- Directed by: C. V. Raju R. Ramamurthy
- Screenplay by: C. V. Raju
- Produced by: Smt Jayalakshmi
- Starring: K. S. Ashwath R. Nagendra Rao Udaykumar Rajashankar
- Cinematography: Rajaram Meenakshi Sundaram
- Edited by: C. V. Raju
- Music by: C. N. Pandurangan
- Production company: Sri Hamsa Chithra
- Distributed by: Sri Hamsa Chithra
- Release date: 1967;
- Running time: 171 minutes
- Country: India
- Language: Kannada

= Sri Purandara Dasaru =

Sri Purandara Dasaru is a 1967 Indian Kannada-language film, directed by C. V. Raju and produced by Smt Jayalakshmi. The film stars K. S. Ashwath, R. Nagendra Rao, Udaykumar and Rajashankar. The musical score was composed by C. N. Pandurangan.

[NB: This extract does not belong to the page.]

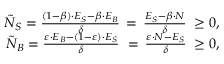<formula> <loc_0><loc_0><loc_500><loc_500>\begin{array} { r l r } & { \tilde { N } _ { S } = \frac { ( 1 - \beta ) \cdot E _ { S } - \beta \cdot E _ { B } } { \delta } \, = \, \frac { E _ { S } - \beta \cdot N } { \delta } \, \geq 0 , } \\ & { \tilde { N } _ { B } = \frac { \varepsilon \cdot E _ { B } - ( 1 - \varepsilon ) \cdot E _ { S } } { \delta } \, = \, \frac { \varepsilon \cdot N - E _ { S } } { \delta } \, \geq 0 , } \end{array}</formula>

This film is the third Kannada film based on the life of Purandara Dasa, following the 1937 film Purandaradasa and the 1964 film Navakoti Narayana.

== Cast ==

- K. S. Ashwath as Srinivasa Nayaka/Sri Purandara Daasaru
- Pandari Bai as Lakshmi wife of Purandara
- R. Nagendra Rao as Panduranga
- Udaykumar as Vyasa Rayaru
- Rajashankar as Keshavacharya
- Balakrishna as Bagalakote Balakrishnacharya
- B Ramadevi as Bendakaluru Bhageerathi
- Narasimharaju as Hanumanthacharya
- Venkatesh
- Raghavendra Rao
- Vadiraj as Kullacharya
- Rathnakar as Appanna
- Ganapathi Bhat
- Master Sridhar
- Chittibabu
- Ramachandra Shastry
- Dwarakish as Dallali Deshakacharya
- Bangalore Nagesh as Gundacharya
- Rajendra Krishna
- Kuppuraj
- Srikanth
- Niranjan
- Lakshmaiah
- Dinesh
- Shivaram
- Dattharaj
- Iyengar
- Bapayya
- Swamy
- Harini as Sharade
- Mynavathi as Chithralekha
- L. Vijayalakshmi as Rukmini
- Papamma as Chithralekha's mother
- Saroja
- Janaki
- Shanthamma as wife of an Insolvent
- Kutty Padmini as Young Krishna

== Soundtrack ==
The music was composed by C. N. Pandurangan.

| No. | Song | Singers | Lyrics | Length (m:ss) |
|---|---|---|---|---|
| 1 | "Aadidano Ranga" | M. L. Vasanthakumari | Purandaradasa | 03:06 |
| 2 | "Aparadhi Nanallaa" | P. B. Sreenivas | Purandaradasa | 03:14 |
| 3 | "Chandrachooda" | M. Balamuralikrishna | Purandaradasa | 03:02 |
| 4 | "Jagadodharana" | M. Balamuralikrishna | Purandaradasa | 03:16 |
| 5 | "Kandu Kandu Nee Yenna" | M. Balamuralikrishna | Purandaradasa | 03:26 |
| 6 | "Sakalagrahabala" | P. B. Sreenivas | Purandaradasa | 03:03 |
| 7 | "Sri Gananatha" | M. Balamuralikrishna, Sarojini | Purandaradasa | 05:56 |

== Reception ==
The Indian Express wrote, "If for nothing else, the music would make the Kannada film [Sri Purandara Dasaru] worth the while."